Everything is interrelated. The epistemic crisis will be resolved when our institutions base decisions not just on a potentially arbitrary collection of facts but on facts internally consistent enough to support instrument calibration and predictive theory. The facts have to be common sensical to everyday people, to employees, customers, teachers, students, patients, doctors, nurses, managers. People have to be able to see themselves and where they stand relative to their goals, their origins, and everyone else in the pictures drawn by the results of tests, surveys, and evaluations. That’s not possible in today’s systems. And in those systems, some people have systematically unfair advantages. That has to change, not through some kind of Brave New World hobbling of those with advantages but by leveling the playing field to allow everyone the same opportunities for self-improvement and the rewards that follow from it.

That’s it in a nutshell. Really good article:

America is facing an epistemic crisis – Vox

https://apple.news/A0alOElOQT5itYGPAJ3eYPQ

References

Fisher, W. P., Jr. (2010, June 13-16). Rasch, Maxwell’s method of analogy, and the Chicago tradition. In G. Cooper (Chair), Https://conference.cbs.dk/index.php/rasch/Rasch2010/paper/view/824. Probabilistic models for measurement in education, psychology, social science and health: Celebrating 50 years since the publication of Rasch’s Probabilistic Models, University of Copenhagen School of Business, FUHU Conference Centre, Copenhagen, Denmark.

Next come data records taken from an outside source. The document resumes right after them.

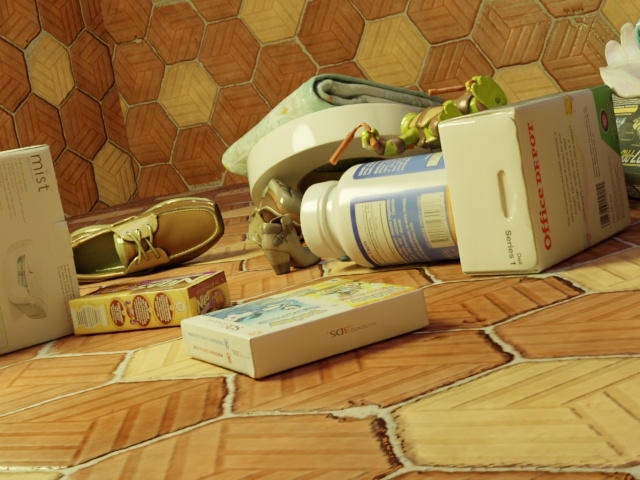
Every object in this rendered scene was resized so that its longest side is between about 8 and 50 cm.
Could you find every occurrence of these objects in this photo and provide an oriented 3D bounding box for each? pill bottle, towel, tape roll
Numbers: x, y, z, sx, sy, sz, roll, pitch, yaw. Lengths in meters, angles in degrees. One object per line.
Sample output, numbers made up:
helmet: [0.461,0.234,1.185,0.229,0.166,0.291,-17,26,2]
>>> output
pill bottle: [0.114,-0.041,1.554,0.272,0.152,0.152,-6,8,32]
towel: [0.041,-0.199,2.178,0.374,0.090,0.320,6,-29,-37]
tape roll: [0.052,-0.143,2.113,0.391,0.072,0.392,-10,-21,-4]

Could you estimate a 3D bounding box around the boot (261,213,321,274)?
boot: [-0.046,0.002,1.710,0.042,0.087,0.118,-7,7,37]

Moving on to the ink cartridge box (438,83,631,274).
ink cartridge box: [0.285,-0.083,1.426,0.117,0.202,0.278,-5,9,40]

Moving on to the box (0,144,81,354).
box: [-0.459,0.021,1.459,0.231,0.262,0.126,-17,9,-37]

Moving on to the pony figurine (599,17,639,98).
pony figurine: [0.541,-0.212,1.407,0.303,0.363,0.351,-41,13,28]

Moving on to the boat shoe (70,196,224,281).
boat shoe: [-0.334,0.013,1.996,0.323,0.123,0.120,-17,11,12]

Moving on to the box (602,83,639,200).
box: [0.561,-0.220,1.809,0.318,0.097,0.395,-54,11,-3]

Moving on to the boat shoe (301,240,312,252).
boat shoe: [0.000,0.000,1.840,0.137,0.043,0.049,-15,10,-22]

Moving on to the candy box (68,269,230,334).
candy box: [-0.228,0.084,1.468,0.186,0.053,0.109,-9,7,24]

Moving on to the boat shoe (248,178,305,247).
boat shoe: [-0.065,-0.030,1.921,0.123,0.116,0.324,29,-3,-3]

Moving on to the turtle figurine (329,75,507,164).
turtle figurine: [0.158,-0.162,1.564,0.269,0.087,0.217,-27,9,-19]

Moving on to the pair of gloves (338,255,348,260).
pair of gloves: [0.107,0.001,1.758,0.198,0.023,0.159,-14,8,-23]

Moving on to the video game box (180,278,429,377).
video game box: [-0.021,0.088,1.158,0.205,0.048,0.187,-14,10,-27]
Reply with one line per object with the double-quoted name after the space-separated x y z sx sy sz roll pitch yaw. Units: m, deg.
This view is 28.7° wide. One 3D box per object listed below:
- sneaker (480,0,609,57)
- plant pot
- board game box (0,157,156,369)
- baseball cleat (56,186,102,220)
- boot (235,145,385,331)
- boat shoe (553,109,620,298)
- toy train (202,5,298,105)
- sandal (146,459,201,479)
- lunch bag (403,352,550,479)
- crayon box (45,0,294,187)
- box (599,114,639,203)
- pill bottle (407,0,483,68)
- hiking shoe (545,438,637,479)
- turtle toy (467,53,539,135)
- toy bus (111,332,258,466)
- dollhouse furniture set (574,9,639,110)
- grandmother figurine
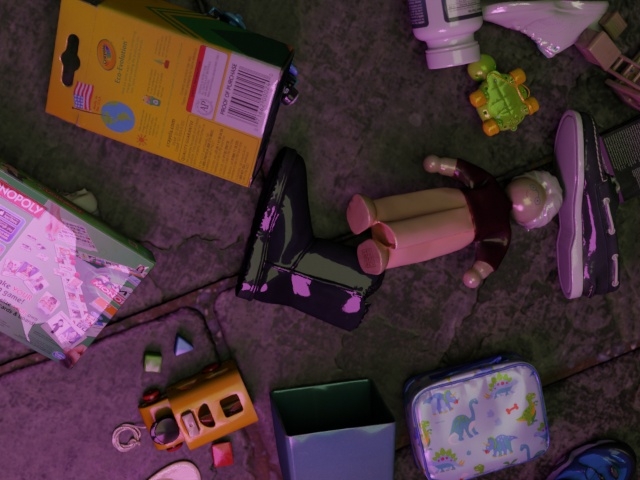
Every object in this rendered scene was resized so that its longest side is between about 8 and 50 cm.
0.338 -0.327 1.916 0.212 0.080 0.094 0 110 -12 "sneaker"
0.020 0.359 1.914 0.165 0.165 0.234 -5 107 -10 "plant pot"
-0.424 0.026 1.779 0.317 0.046 0.213 35 101 -28 "board game box"
-0.419 -0.007 1.819 0.205 0.072 0.110 -16 103 -6 "baseball cleat"
0.000 0.000 1.887 0.207 0.094 0.247 15 96 -13 "boot"
0.420 -0.058 1.953 0.091 0.114 0.303 -6 111 -7 "boat shoe"
-0.111 -0.260 1.821 0.184 0.105 0.080 39 81 -14 "toy train"
-0.273 0.440 1.909 0.240 0.079 0.088 -40 103 -3 "sandal"
0.246 0.276 1.976 0.218 0.090 0.176 -15 102 -8 "lunch bag"
-0.214 -0.223 1.752 0.318 0.081 0.202 20 125 2 "crayon box"
0.508 -0.136 1.995 0.162 0.029 0.116 -24 103 -5 "box"
0.184 -0.351 1.862 0.107 0.108 0.180 -12 101 -9 "pill bottle"
0.393 0.436 2.005 0.304 0.132 0.113 -35 103 -4 "hiking shoe"
0.269 -0.226 1.917 0.095 0.066 0.130 -28 102 -5 "turtle toy"
-0.193 0.262 1.884 0.190 0.104 0.202 21 94 -13 "toy bus"
0.510 -0.310 1.905 0.182 0.101 0.161 -50 125 0 "dollhouse furniture set"
0.217 -0.033 1.885 0.342 0.104 0.208 -15 97 -23 "grandmother figurine"
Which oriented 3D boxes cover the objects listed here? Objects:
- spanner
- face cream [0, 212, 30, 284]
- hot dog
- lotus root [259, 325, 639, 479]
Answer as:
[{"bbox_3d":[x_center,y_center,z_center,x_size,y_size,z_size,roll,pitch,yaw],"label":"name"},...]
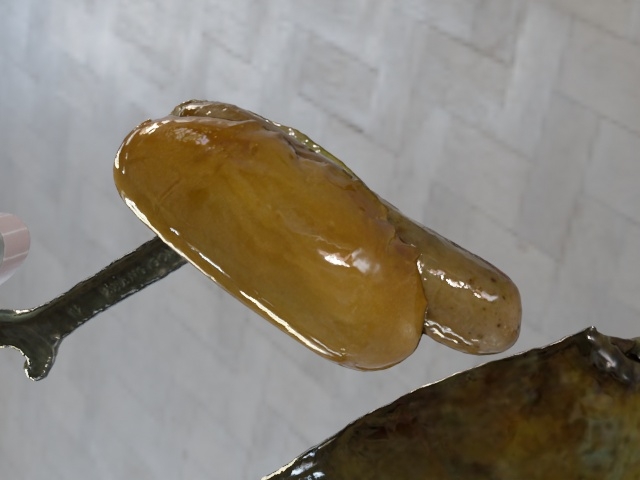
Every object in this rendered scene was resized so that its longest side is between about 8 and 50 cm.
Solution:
[{"bbox_3d":[-0.096,0.014,0.938,0.254,0.054,0.015,-30,26,30],"label":"spanner"},{"bbox_3d":[-0.266,0.021,1.142,0.084,0.198,0.057,-32,90,17],"label":"face cream"},{"bbox_3d":[-0.001,0.000,0.574,0.140,0.090,0.060,42,102,13],"label":"hot dog"},{"bbox_3d":[0.089,0.161,0.973,0.314,0.210,0.142,-36,66,45],"label":"lotus root"}]
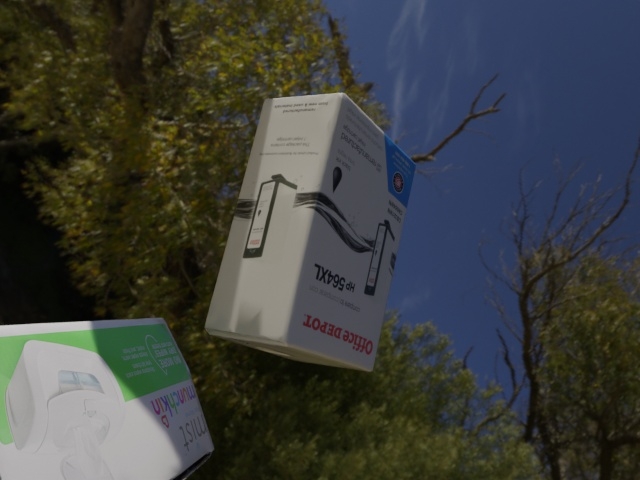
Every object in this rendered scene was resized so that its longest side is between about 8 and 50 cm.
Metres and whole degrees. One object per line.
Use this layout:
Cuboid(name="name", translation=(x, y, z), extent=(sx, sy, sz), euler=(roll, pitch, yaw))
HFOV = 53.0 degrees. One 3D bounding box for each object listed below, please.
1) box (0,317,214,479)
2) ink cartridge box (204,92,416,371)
Cuboid(name="box", translation=(-0.221, 0.149, 0.397), extent=(0.262, 0.231, 0.127), euler=(36, 30, -80))
Cuboid(name="ink cartridge box", translation=(0.000, 0.000, 0.553), extent=(0.086, 0.148, 0.203), euler=(4, -105, 33))

Fisher, W. P., Jr. (2010). The standard model in the history of the natural sciences, econometrics, and the social sciences. Journal of Physics Conference Series, 238(1), http://iopscience.iop.org/1742-6596/238/1/012016/pdf/1742-6596_238_1_012016.pdf.

Fisher, W. P., Jr., & Stenner, A. J. (2013). On the potential for improved measurement in the human and social sciences. In Q. Zhang & H. Yang (Eds.), Pacific Rim Objective Measurement Symposium 2012 Conference Proceedings (pp. 1-11). Berlin, Germany: Springer-Verlag.

Nersessian, N. J. (2002). Maxwell and “the method of physical analogy”: Model-based reasoning, generic abstraction, and conceptual change. In D. Malament (Ed.), Reading natural philosophy: Essays in the history and philosophy of science and mathematics (pp. 129-166). Lasalle, Illinois: Open Court.

Rasch, G. (1960). Probabilistic models for some intelligence and attainment tests (Reprint, with Foreword and Afterword by B. D. Wright, Chicago: University of Chicago Press, 1980). Copenhagen, Denmark: Danmarks Paedogogiske Institut.